Eclipse-based IDE for C/C++ development with board support packages
The sample code compiled without problems and generated a .mem file. I went back to propel builder and set this .mem file as hex contents for the system memory, pressed Generate. Then I changed back to Diamond, synthetized the project, flashed and it was working right away. The chase light effect showed on the LEDs and the welcome message also appeared on the serial console. Great! There is OpenOCD based debugging capability as well, however I have not tested this.
UART welcome message received from the FPGA, sent by the soft RISC-V processor
The board, all the free tools provided a very good impression, I’ll consider using the products from Lattice and consider these small FPGAs for my projects and I’ll also recommend them to others. As mentioned before, the schematics of the breakout board in the datasheet is so low quality, unreadable, installing an OrCAD viewer, opening and printing the schematics fixed the issue. I haven’t designed BGA boards so far, so for low budget designs I can only consider the MachXO2 family instead of the XO3LF devices. As the number of LUTs is not very large, using embedded processors would result in little free resources for custom logic, but especially little RAM. But still, the possibility is great, to have a C/C++ compiler toolchain available for a simple embedded processor. Nice to have options, such as the Mico processors and RISC-V as well built in. Having RISC-V out of the box seems very up to date and forward looking. Propel IDE was a very positive surprise, I didn’t expect such a tool available for a low end device.

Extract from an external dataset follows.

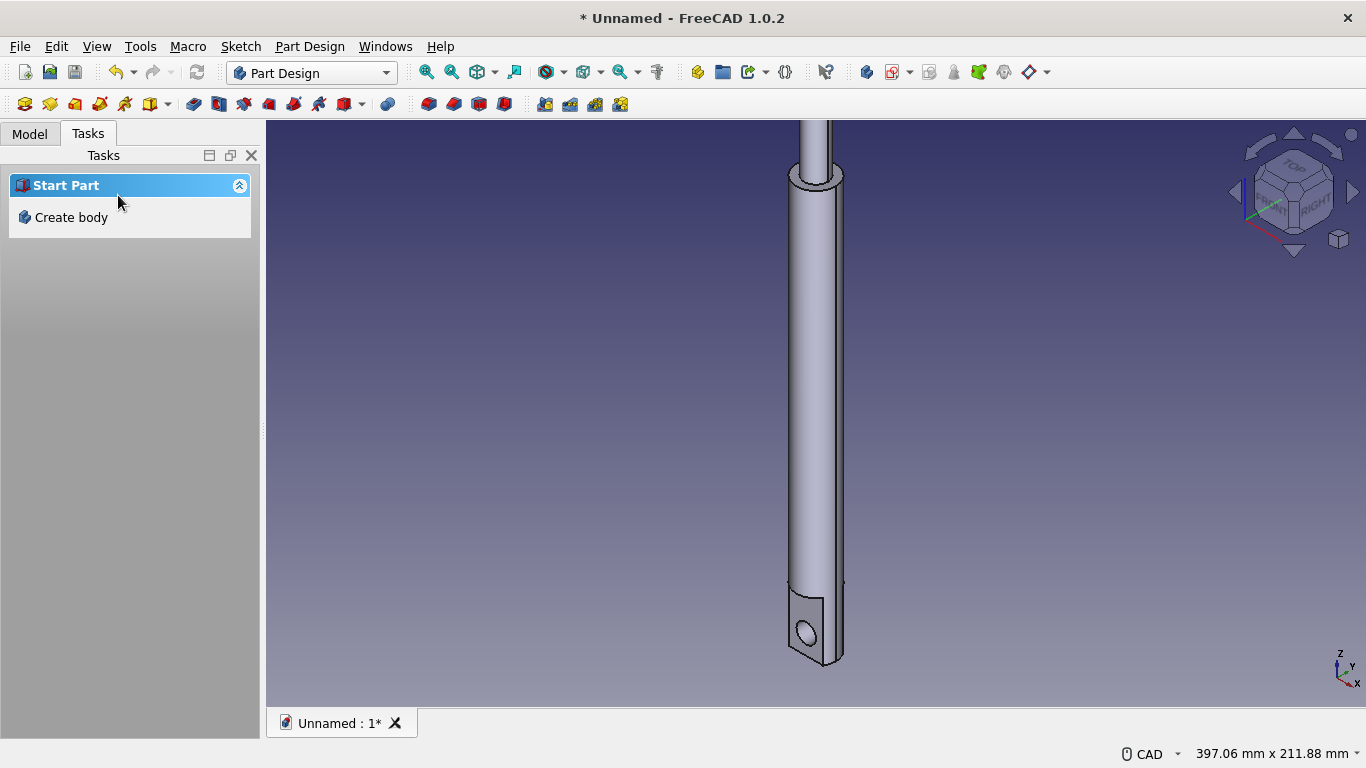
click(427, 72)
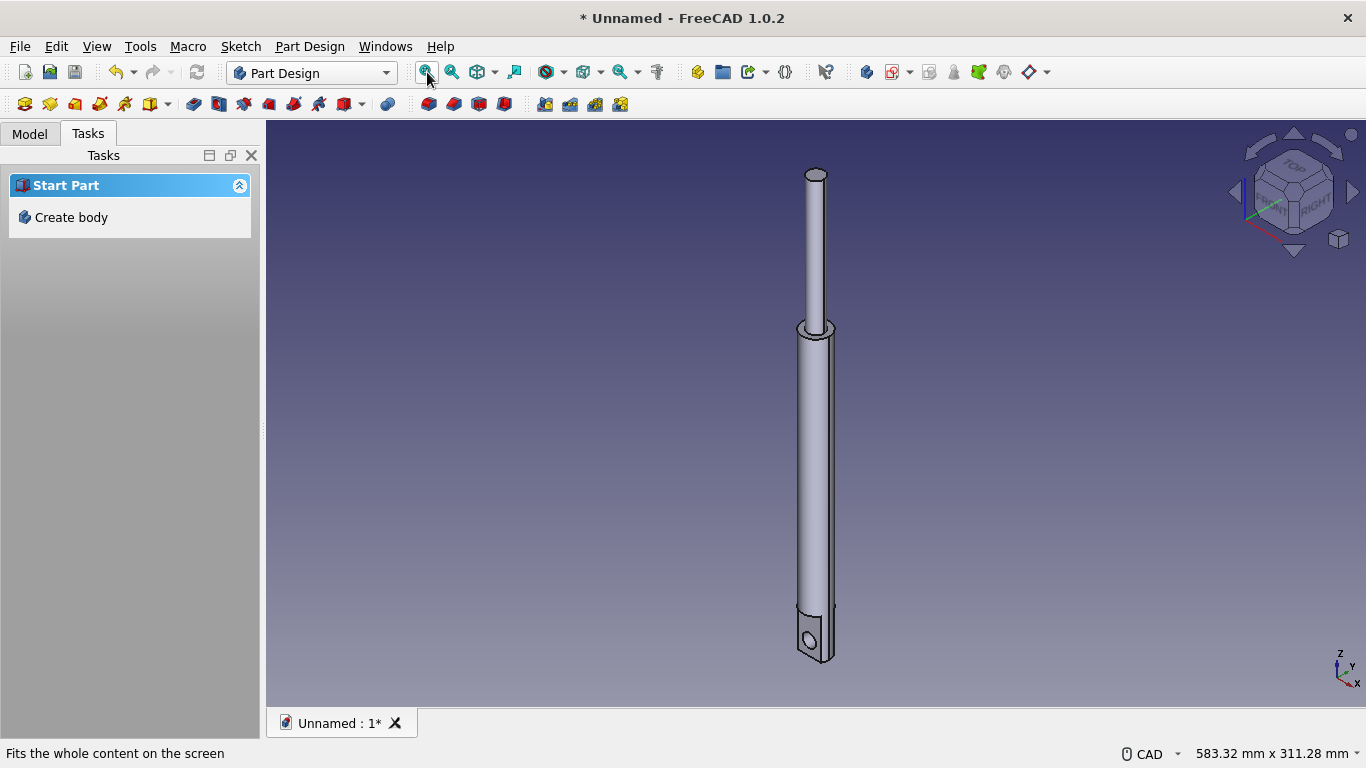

During the time I got to know (started to get to know the device), I encountered problems I first assumed it was the software’s or the device’s fault, but as usual, these problems turned out to be user errors and sometimes not reading the manuals carefully enough (UART RX, TX resistors were not populated between the FPGA and the FTDI chip). Sometimes though Diamond or Propel IDE went crazy, seemed like I couldn’t get spreadsheet working well or Propel configuration could not update. During this time I didn’t do any specific application development, I was only getting used to the tools. I also didn’t get to the point of custom Propel IP creation, which would be interesting to test.
I wish there were FPGAs with less IOs (in TQFP packaging), but with more memory and larger number of LUTs or slices to accommodate a somewhat powerful processor and more internal memory (I know there are way more powerful FPGAs, even with real embedded Cortex microprocessors). As there is so little memory embedded, external memory must be interfaced in most applications. External memories require lots of IO, DRAM controllers require control logic. Why not integrate some DRAM into the chip? Just wishing… I haven't dealt with more advanced FPGAs, it would be interesting to get to know them as well.